Look through the records below for the word "Rendered". Report how many lines have it, and only that number.

□ □ □

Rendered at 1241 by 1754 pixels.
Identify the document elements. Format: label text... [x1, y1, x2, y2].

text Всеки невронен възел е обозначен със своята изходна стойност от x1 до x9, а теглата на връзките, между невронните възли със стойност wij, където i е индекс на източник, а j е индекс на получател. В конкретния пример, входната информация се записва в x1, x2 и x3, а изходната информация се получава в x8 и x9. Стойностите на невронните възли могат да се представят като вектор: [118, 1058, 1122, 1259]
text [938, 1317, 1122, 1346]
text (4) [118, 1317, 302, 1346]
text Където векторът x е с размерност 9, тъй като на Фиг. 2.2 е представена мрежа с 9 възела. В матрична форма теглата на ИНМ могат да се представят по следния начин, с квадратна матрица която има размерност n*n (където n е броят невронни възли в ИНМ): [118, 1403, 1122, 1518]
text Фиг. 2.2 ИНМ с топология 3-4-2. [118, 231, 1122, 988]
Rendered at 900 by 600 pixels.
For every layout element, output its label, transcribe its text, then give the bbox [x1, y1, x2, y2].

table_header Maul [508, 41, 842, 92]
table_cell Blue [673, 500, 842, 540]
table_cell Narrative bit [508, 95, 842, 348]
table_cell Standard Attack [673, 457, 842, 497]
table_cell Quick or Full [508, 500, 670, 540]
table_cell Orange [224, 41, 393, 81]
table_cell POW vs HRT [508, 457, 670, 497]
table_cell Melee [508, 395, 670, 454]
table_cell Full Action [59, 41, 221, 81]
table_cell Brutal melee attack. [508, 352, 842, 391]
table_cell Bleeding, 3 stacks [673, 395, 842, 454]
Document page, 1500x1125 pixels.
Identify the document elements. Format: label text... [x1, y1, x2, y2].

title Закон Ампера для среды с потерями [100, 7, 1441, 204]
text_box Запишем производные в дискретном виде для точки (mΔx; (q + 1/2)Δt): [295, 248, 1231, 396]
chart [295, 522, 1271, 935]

□ □ □

▶ [ANSWER TO THE EXERCISE]
2